Exercise inputs ▸

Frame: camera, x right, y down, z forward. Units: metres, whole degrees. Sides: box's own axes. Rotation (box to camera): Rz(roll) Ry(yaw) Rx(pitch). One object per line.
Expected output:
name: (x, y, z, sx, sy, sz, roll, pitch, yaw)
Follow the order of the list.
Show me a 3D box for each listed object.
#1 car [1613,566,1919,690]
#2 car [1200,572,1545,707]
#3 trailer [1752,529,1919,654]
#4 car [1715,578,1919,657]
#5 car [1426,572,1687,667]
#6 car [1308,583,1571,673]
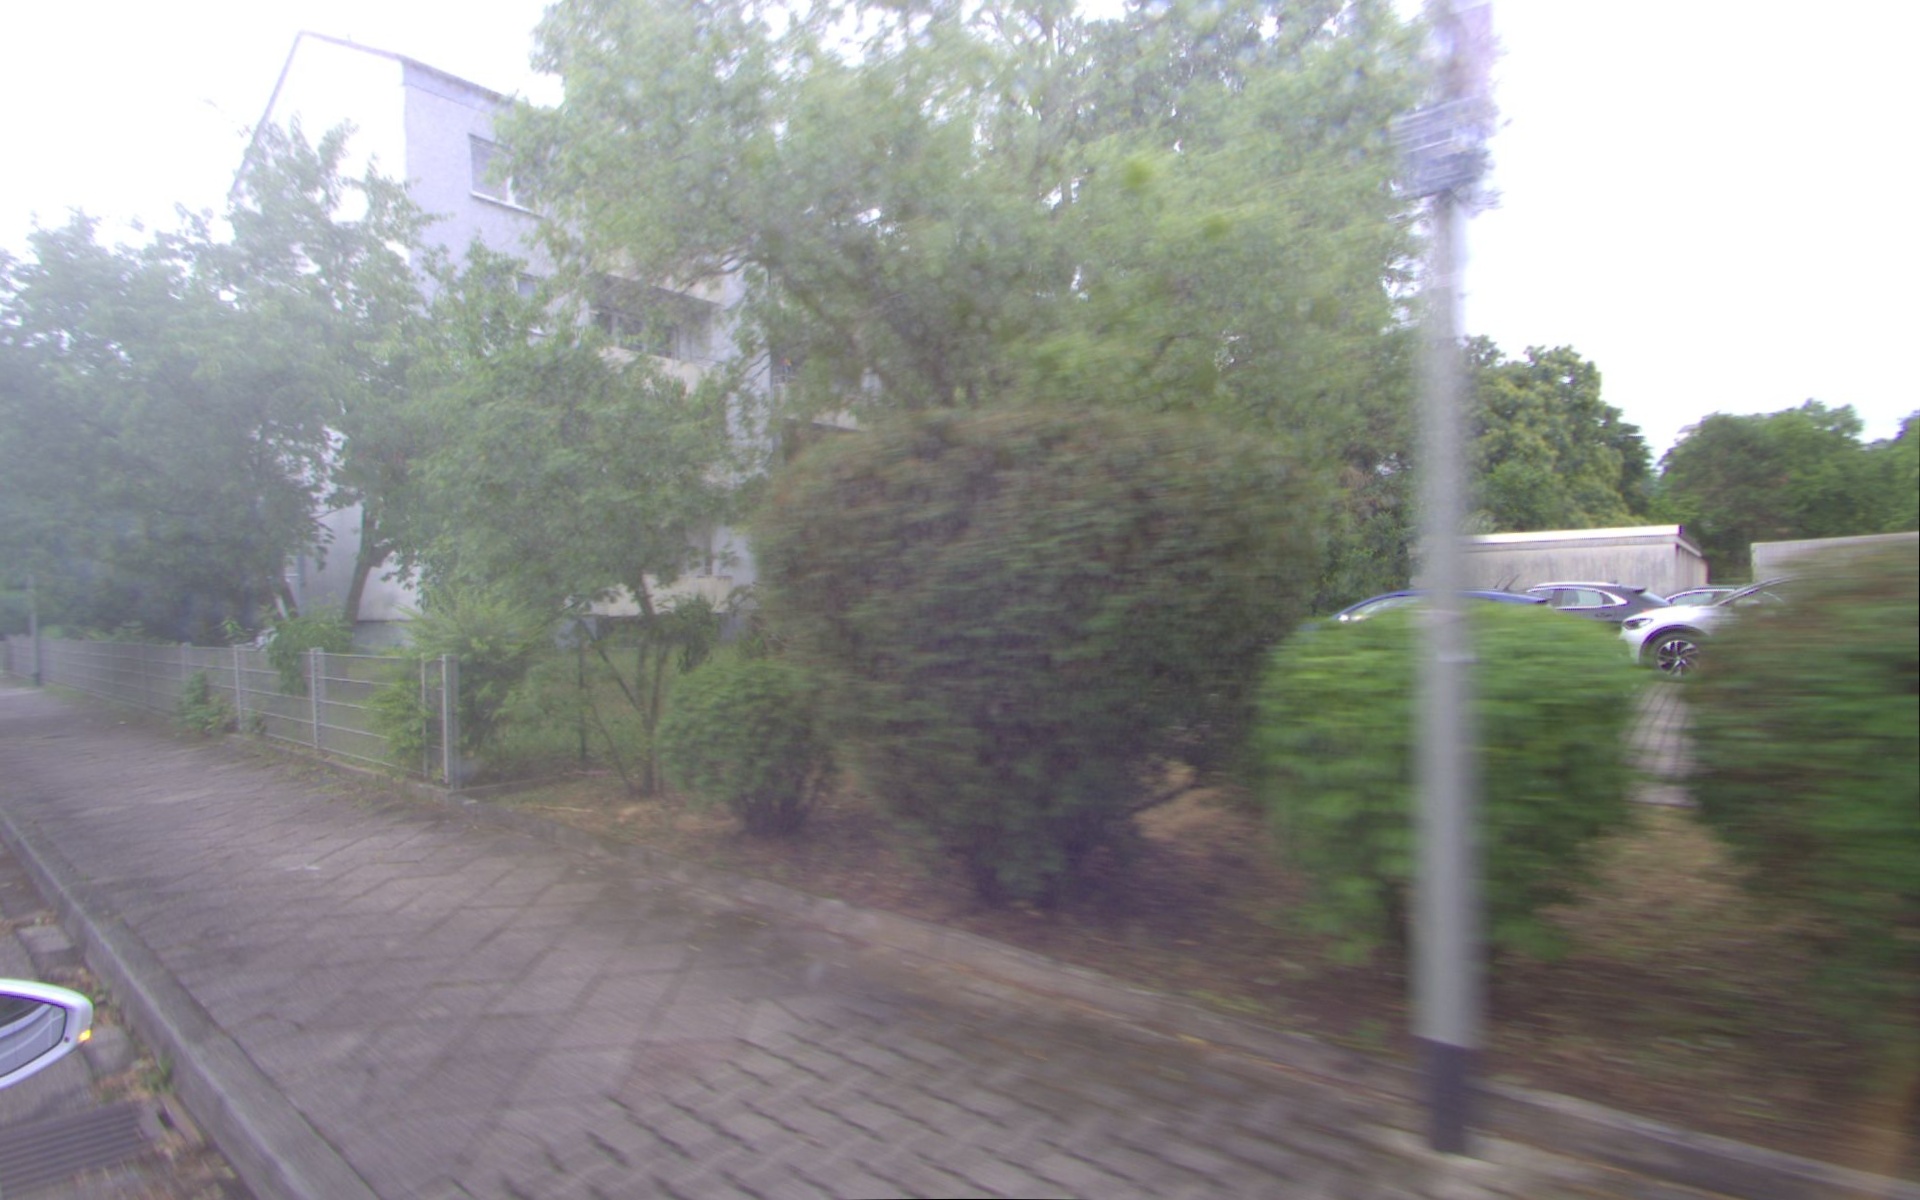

Task requirements ▸ Find every line in the records that has the word "pitch". Then report the count alone.

Written response ▸ 2